- Помогите перевести его в комнату, он много крови потерял.

- А жить он будет? - задала глупый вопрос Габриэлла.

В ответ женщина рассердилась.

- Мне некогда слушать глупые вопросы, а тем более отвечать на них. Быстро помоги мне его поднять. Живо.

И втроем они внесли Фархада в комнату и уложили на стол, над которым горела большая лампа. Женщина подошла сделала язычок пламени больше, и комната осветилось ярким светом. Взяв ножницы, она разрезала рукава гимнастерки, и когда плечо и рука оголились, Габриэлла вздрогнула, настолько рана была ужасной.

- Руку надо будет отсечь, -твердо сказала она и приказала Габриэлле: ты будешь его держать за голову, а ты - за ноги. - Она повернулась к Хосе, и он подчинился. - Только держите крепко, я постараюсь все сделать быстро.

Горячая вода у нее всегда стояла на плите. В другой кастрюле кипели хирургические инструменты. Дочь ее, молодая девушка лет двадцати, помогала ей. Омыв рану и прочистив спиртом все что можно, руки, инструменты, наконец, все место ранения, Фархад вскрикнул, она, взглядом приказав Габриэлле крепче держать его голову, начала свое дело. Все закончилось довольно быстро, но когда отсеченная рука Фархада с глухим стуком ударилась об пол, Габриэлла потеряла сознание. Фархад тоже был без сознания. Только старый Хосе крепко держал его за ноги, хотя в этом не было никакой надобности. Из глаз его текли слезы.

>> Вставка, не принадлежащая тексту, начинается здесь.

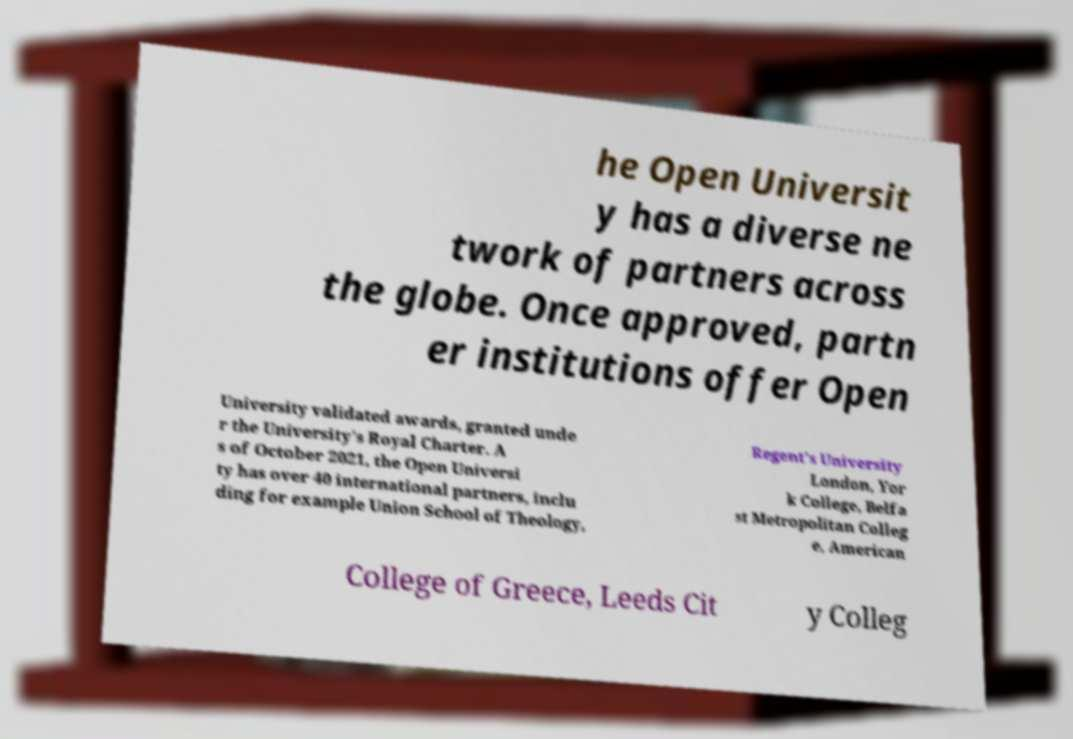Please read and relay the text visible in this image. What does it say? he Open Universit y has a diverse ne twork of partners across the globe. Once approved, partn er institutions offer Open University validated awards, granted unde r the University's Royal Charter. A s of October 2021, the Open Universi ty has over 40 international partners, inclu ding for example Union School of Theology, Regent's University London, Yor k College, Belfa st Metropolitan Colleg e, American College of Greece, Leeds Cit y Colleg 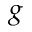<formula> <loc_0><loc_0><loc_500><loc_500>g</formula> 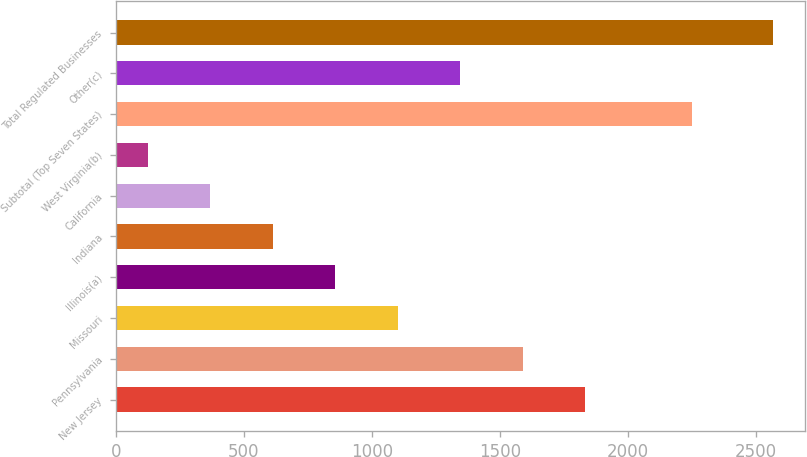Convert chart. <chart><loc_0><loc_0><loc_500><loc_500><bar_chart><fcel>New Jersey<fcel>Pennsylvania<fcel>Missouri<fcel>Illinois(a)<fcel>Indiana<fcel>California<fcel>West Virginia(b)<fcel>Subtotal (Top Seven States)<fcel>Other(c)<fcel>Total Regulated Businesses<nl><fcel>1832.58<fcel>1588.64<fcel>1100.76<fcel>856.82<fcel>612.88<fcel>368.94<fcel>125<fcel>2249.6<fcel>1344.7<fcel>2564.4<nl></chart>

Наутро, когда кризис миновал и стало ясно, что Фархад, несмотря на большую потерю крови выживет, они двинулись дальше в путь. Хосе настоял, что они должны поехать к нему,

- Мы с женой одни, еда, слава богу есть, а ему нужен хороший уход. Хотя бы первое время, пока кровь не восстановится.

Согласилась с ним Габриэлла, хотя другого варианта у ней и не было. И вот уже второй день ехали она по Андалузии из одной деревушки к другой, из одного городишка к другому. Выбирали дороги проселочные, неширокие, часто заросшие травой, твердо веря, что окольный путь иногда короче прямого.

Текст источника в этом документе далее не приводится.